The question is not really to do with linearisation. In case-classes toString is a method automatically generated by the compiler if and only if Any.toString is not overridden in the end-type.
However, the answer is partly to do with linearisation - we need to override Function1.toString with the method that would have been generated by compiler if not for the version introduced by Function1 :
trait ProperName extends Product {
override lazy val toString = scala.runtime.ScalaRunTime._toString(this)
}
// now just mix in ProperName and... magic!
case class Stepper(step: Int) extends (Int => Int) with ProperName {
def apply(x:Int) = x+step
}
Then
println(Some(2) map Stepper(2))
println(Stepper(2))
Will produce
Some(4)
Stepper(2)
Update
Here is a version of ProperName trait that doesn't rely on the undocumented API method:
trait ProperName extends Product {
override lazy val toString = {
val caseFields = {
val arity = productArity
def fields(from: Int): List[Any] =
if (from == arity) List()
else productElement(from) :: fields(from + 1)
fields(0)
}
caseFields.mkString(productPrefix + "(", ",", ")")
}
}
Alternative toString implementation is derived from the source code for the original _toString method scala.runtime.ScalaRunTime._toString.
Please note that this alternative implementation is still based on the assumption that a case class always extends Product trait.

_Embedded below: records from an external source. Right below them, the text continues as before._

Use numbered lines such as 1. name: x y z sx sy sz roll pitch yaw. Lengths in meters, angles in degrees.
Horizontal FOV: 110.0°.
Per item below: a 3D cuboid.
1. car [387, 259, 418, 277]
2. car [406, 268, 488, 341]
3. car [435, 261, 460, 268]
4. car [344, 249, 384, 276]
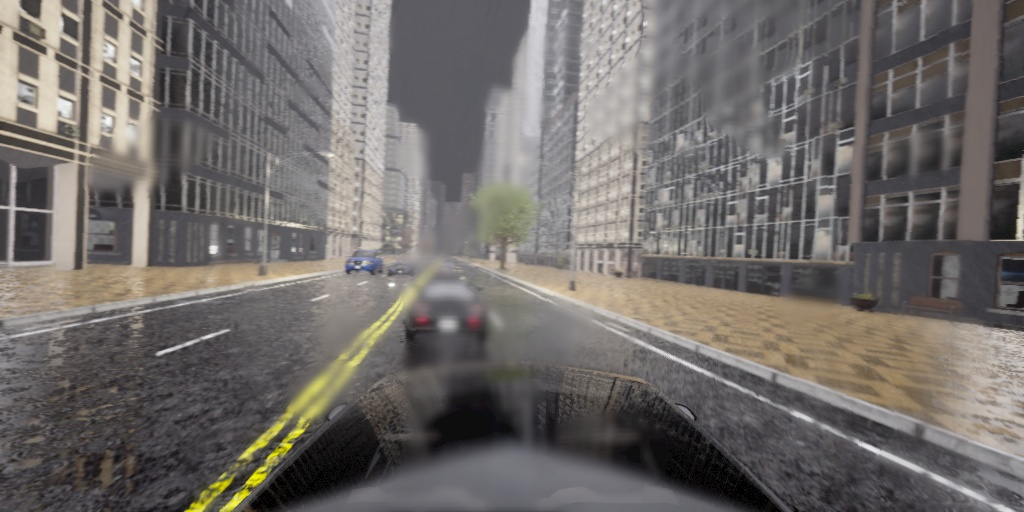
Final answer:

Although the latter holds true as of Scala 2.9.0 and is a fact that is known to and relied upon by some members of Scala community it's not formally documented as part of Scala Language Spec.
EDIT: What about overriding toString?
case class Stepper(step: Int) extends (Int => Int) {
def apply(x: Int) = x + step
override def toString = "Stepper(" + step + ")"
}
You can use an implicit conversion to have Stepper treated like a function only when necessary:
case class Stepper(step: Int) { def apply(x: Int) = x + step }
implicit def s2f(s: Stepper) = new Function[Int, Int] {
def apply(x: Int) = s.apply(x)
}
Now you get the case class's toString when you call Stepper(42).toString, but Some(2) map Stepper(2) also works as desired.
(Note that I've been more verbose than necessary above to keep the mechanics clear. You can also write implicit def s2f(s: Stepper) = s.apply _ or any number of other more concise formulations).